Why ELK wasn’t the right fit for us
In 2018, we adopted the ELK stack as our de facto stack for storing application logs. Using Filebeat, we shipped logs from EC2 instances to a central Logstash server. Logstash served as the aggregation layer, where we applied multiple filters to add metadata, scrub sensitive data, parse the logs, and dump them into various indices in Elasticsearch. Kibana was the default query layer for writing queries and fetching results. However, as our traffic volumes and user base increased significantly post-2020, our ELK stack began to struggle with the rising load.

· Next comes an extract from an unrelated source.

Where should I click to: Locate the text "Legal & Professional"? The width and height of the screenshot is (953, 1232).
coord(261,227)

In 2018, we handled less than 1/10th of our current traffic, so the single-node Elasticsearch worked well for us. Although it still required a decently large EC2 instance because of the huge JVM memory requirements, we hosted it without facing many challenges. However, post-2020, when our traffic volumes spiked and our user base increased much faster, the underlying logging system also started to choke.
A breakdown of our pain points with the ELK stack:
- Logstash pipeline would experience frequent slowdowns during peak traffic loads, resulting in slower ingestion times into Elasticsearch
- Storage costs skyrocketed as each incoming field is indexed for searching, inflating the storage requirements for each log event by a minimum of 3-4x the original size
- User experience for searching logs was subpar. The syntax for querying logs using Lucene or KQL was complex and not intuitive.

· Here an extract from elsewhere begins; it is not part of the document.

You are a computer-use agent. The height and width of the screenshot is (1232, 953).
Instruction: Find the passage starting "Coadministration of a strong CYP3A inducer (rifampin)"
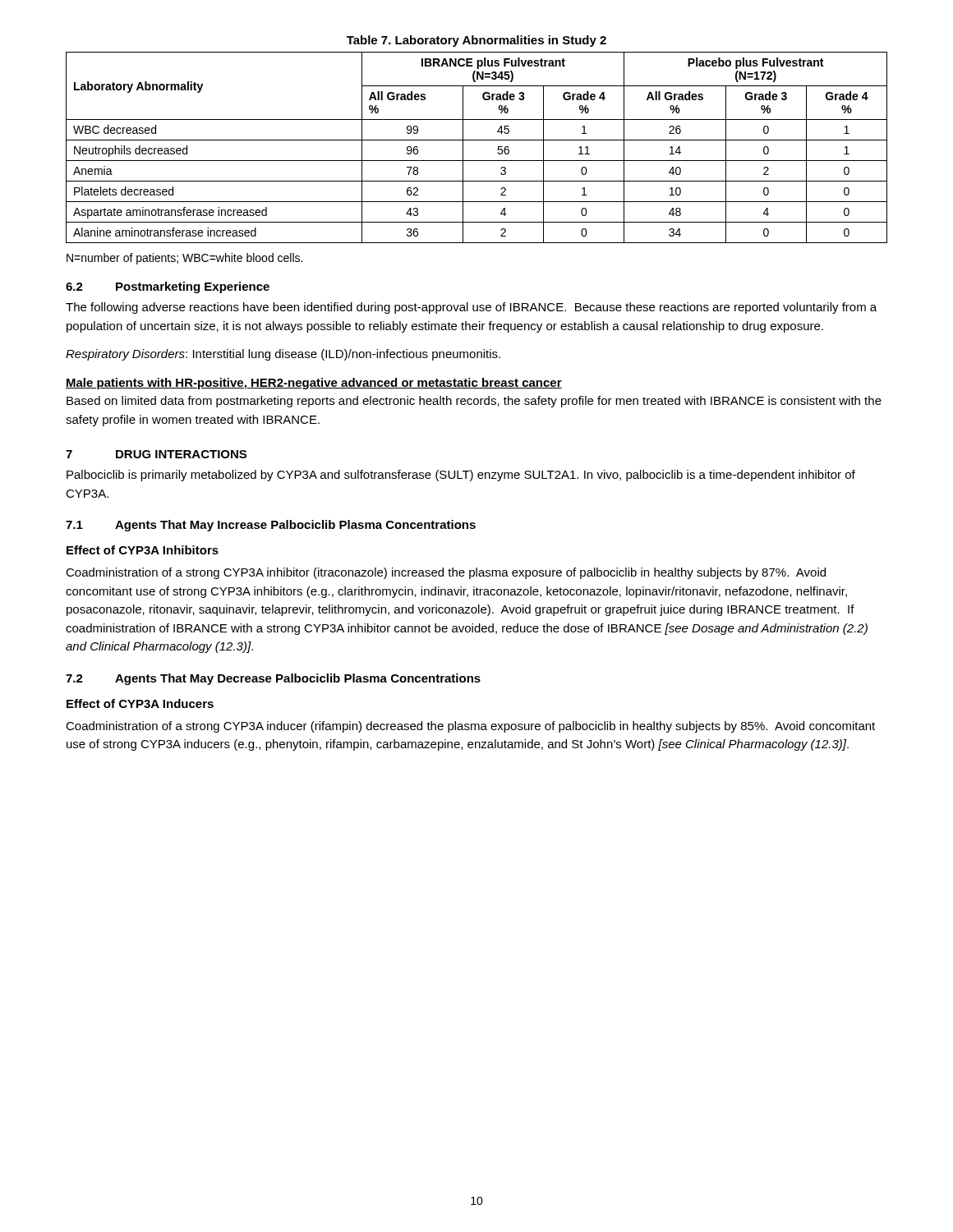(x=470, y=734)

- Elasticsearch is slow for aggregate queries over a long period.
Choosing the right stack
As our traffic volumes continued to rise, it became apparent that we needed to migrate away from the ELK stack. We required a new stack that met the following criteria:
- Easy to operate: Log management is a complex issue, and the new stack should not exacerbate the problem.
- Cost-effective: Given that we are required to retain logs for multiple years, cheaper storage costs are desirable.
- Scalability: The new stack should be easily scalable to handle our increasing traffic volumes.
- Robust RBAC system: The new system must support creating ACL groups, allowing developers and business teams to query the underlying storage with varying levels of permission controls.
Log Events
To give you some context, we need to collect a variety of logs from our system, which runs on a mix of standalone EC2 instances and Nomad clusters.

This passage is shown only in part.